/Mercari_Pricing_Challenge

Predicting the Prices for users of Mercari Japanese E-commerce website

Primary LanguageJupyter NotebookMIT LicenseMIT

Mercari_Pricing_Challenge

Vijay Tulluri Pranav Modem MIT LICENSE


Can you automatically suggest product prices to online sellers?

Product pricing gets even harder at scale, considering just how many products are sold online. Clothing has strong seasonal pricing trends and is heavily influenced by brand names, while electronics have fluctuating prices based on product specs.

Mercari, Japan’s biggest community-powered shopping app, knows this problem deeply. They’d like to offer pricing suggestions to sellers, but this is tough because their sellers are enabled to put just about anything, or any bundle of things, on Mercari's marketplace.

In this competition, Mercari’s challenging you to build an algorithm that automatically suggests the right product prices. You’ll be provided user-inputted text descriptions of their products, including details like product category name, brand name, and item condition.

Dataset Features

  • ID: the id of the listing
  • Name: the title of the listing
  • Item Condition: the condition of the items provided by the seller
  • Category Name: category of the listing
  • Brand Name: brand of the listing
  • Shipping: whether or not shipping cost was provided
  • Item Description: the full description of the item
  • Price: the price that the item was sold for. This is the target variable that you will predict. The unit is USD.

Key Words

  • Pricing Recommendation
  • Product Features
  • NLP
  • C2C & B2C

Representing and Mining Text


Since, text is the most unstructured form of all the available data, various types of noise are present in it and the data is not readily analyzable without any pre-processing. The entire process of cleaning and standardization of text, making it noise-free and ready for analysis is known as text pre-processing.

Fundamental Concepts

The importance of constructing mining-friendly data representations; Representation of text for data mining.

Important Terminologies

  • Document: One piece of text. It could be a single sentence, a paragraph, or even a full page report.
  • Tokens: Also known as terms. It is simply just a word. So many tokens form a document.
  • Corpus: A collection of documents.
  • Term Frequency (TF): Measures how often a term is in a single document
  • Inverse Document Frequency (IDF): distribution of a term over a corpus

Pre-Processing Techniques

  • Stop Word Removal: stop words are terms that have little no meaning in a given text. Think of it as the "noise" of data. Such terms include the words, "the", "a", "an", "to", and etc...

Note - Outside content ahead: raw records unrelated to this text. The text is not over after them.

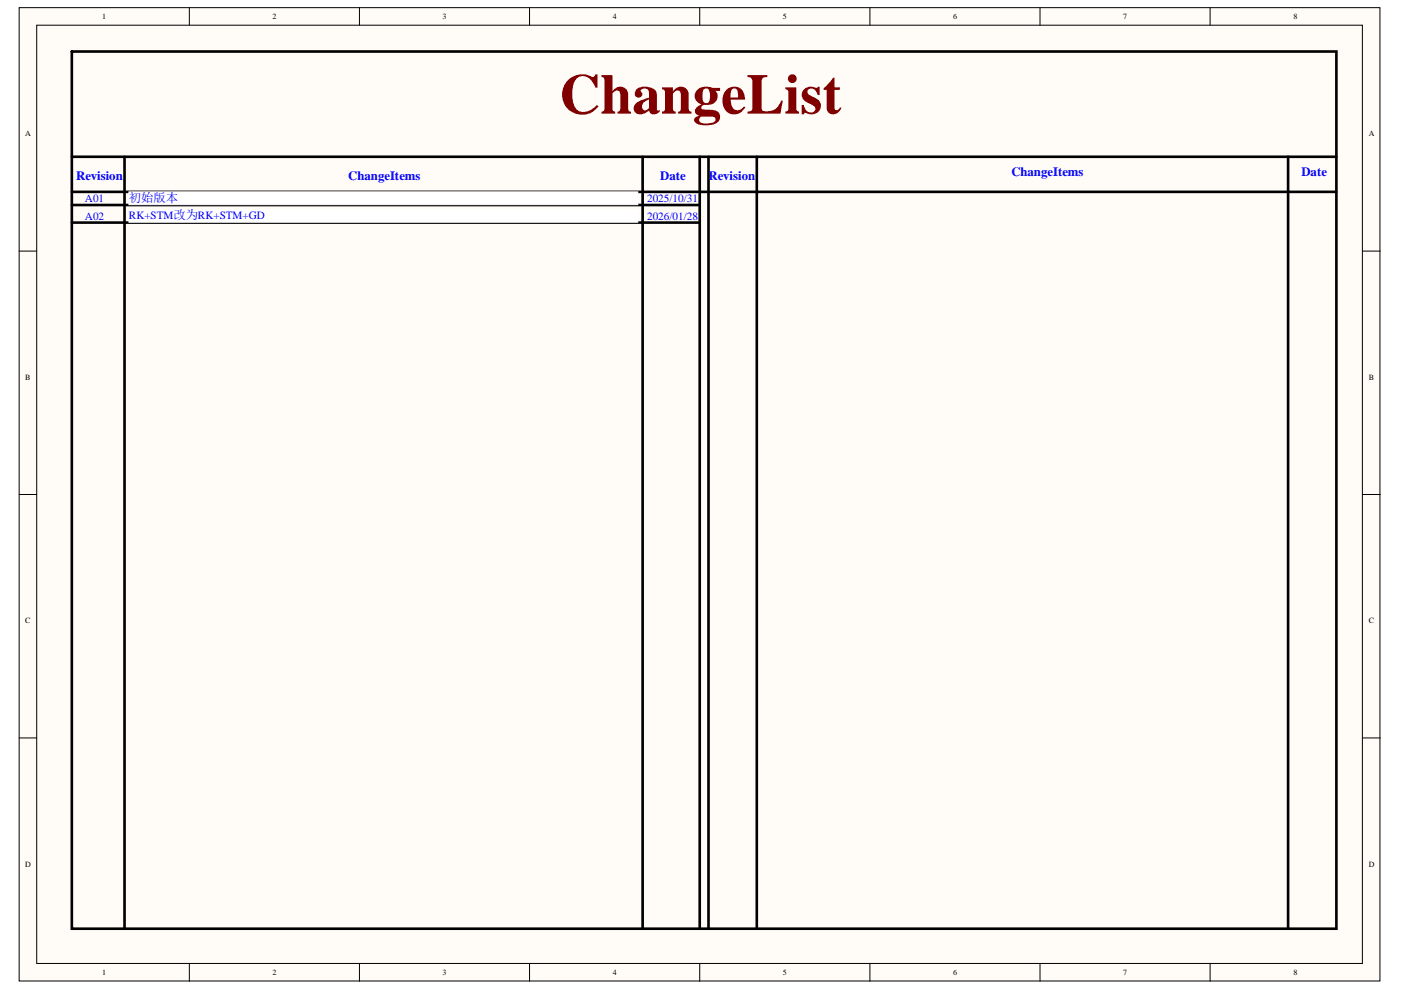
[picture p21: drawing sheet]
<svg xmlns="http://www.w3.org/2000/svg" width="297mm" height="210mm" viewBox="0 0 297 210" stroke-linecap="round" stroke-linejoin="round" font-family="sans-serif">
<defs><g id="words">
<text font-size="12.1" fill="#800000" x="118.6" y="24.1">ChangeList</text>
<g font-size="2.7" fill="#00f">
<text x="16.2" y="38.2">Revision</text>
<text x="73.8" y="38.2">ChangeItems</text>
<text x="140" y="38.2">Date</text>
<text x="150.2" y="38.2">Revision</text>
<text x="214.4" y="37.3">ChangeItems</text>
<text x="275.9" y="37.3">Date</text>
</g>
<text font-size="2.6" fill="#00f" x="27.3" y="42.8">初始版本</text>
<g font-size="2.4" fill="#00f">
<text x="18" y="42.9">A01</text>
<text x="18" y="46.7">A02</text>
<text x="27.3" y="46.5">RK+STM改为RK+STM+GD</text>
<text x="137.2" y="42.9">2025/10/31</text>
<text x="137.2" y="46.7">2026/01/28</text>
</g>
<g font-size="1.7">
<text x="21.7" y="4.1">1</text>
<text x="57.8" y="4.1">2</text>
<text x="93.8" y="4.1">3</text>
<text x="129.9" y="4.1">4</text>
<text x="166" y="4.1">5</text>
<text x="202.1" y="4.1">6</text>
<text x="238.1" y="4.1">7</text>
<text x="274.2" y="4.1">8</text>
<text x="5.3" y="28.9">A</text>
<text x="290.2" y="28.9">A</text>
<text x="5.3" y="80.5">B</text>
<text x="290.2" y="80.5">B</text>
<text x="5.3" y="132.2">C</text>
<text x="290.2" y="132.2">C</text>
<text x="5.3" y="183.7">D</text>
<text x="290.2" y="183.7">D</text>
<text x="21.7" y="206.8">1</text>
<text x="57.8" y="206.8">2</text>
<text x="93.8" y="206.8">3</text>
<text x="129.9" y="206.8">4</text>
<text x="166" y="206.8">5</text>
<text x="202.1" y="206.8">6</text>
<text x="238.1" y="206.8">7</text>
<text x="274.2" y="206.8">8</text>
</g>
</g></defs>
<g fill="#fffcf8" stroke="#000" stroke-width=".21">
<path d="M4.1 1.6h288.5v206.4h-288.5z"/>
<path d="M7.8 5.3h281.1v199h-281.1z"/>
</g>
<g fill="none" stroke="#000" stroke-width=".21">
<path d="M40.1 1.6v3.7M76.2 1.6v3.7M112.3 1.6v3.7M148.4 1.6v3.7M184.4 1.6v3.7M220.5 1.6v3.7M256.6 1.6v3.7M4.1 53.2h3.7M288.9 53.2h3.8M4.1 104.8h3.7M288.9 104.8h3.8M4.1 156.5h3.7"/>
<path d="M288.9 156.5h3.8M40.1 204.3v3.8M76.2 204.3v3.8M112.3 204.3v3.8M148.4 204.3v3.8M184.4 204.3v3.8M220.5 204.3v3.8M256.6 204.3v3.8"/>
</g>
<path d="M15.2 10.9h268.1v186h-268.1zM15.2 33.2h268.1M26.4 33.2v163.7M136.3 33.2v163.7M148.4 33.2v163.7M150.2 33.2v163.7M160.5 33.2v163.7M273.1 33.2v163.7M15.2 40.7h268.1M15.2 43.5h133.2M15.2 47.2h133.2" fill="none" stroke="#000" stroke-width=".56"/>
<g fill="#fff" stroke="#fff" stroke-width=".21">
<path d="M27.3 40.7h107.9v2.7h-107.9z"/>
<path d="M27.3 44.4h107.9v2.7h-107.9z"/>
</g>
<use href="#words"/>
</svg>

  • Bag of Words Representation: treats each word as a feature of the document

  • TFIDF: a common value representation of terms. It boosts or weighs words that have low occurences. For example, if the word "play" is common, then there is little to no boost. But if the word "mercari" is rare, then it has more boosts/weight.

  • N-grams: Sequences of adjacent words as terms. For example, since a word by itself may have little to no value, but if you were to put two words together and analyze it as a pair, then it might add more meaning. For example, "iPhone" VS "iPhone Charger"

  • Stemming and Lemmatization: Get the root meaning of the word

  • Topic Models: A type of model that represents a set of topics from a sequence of words.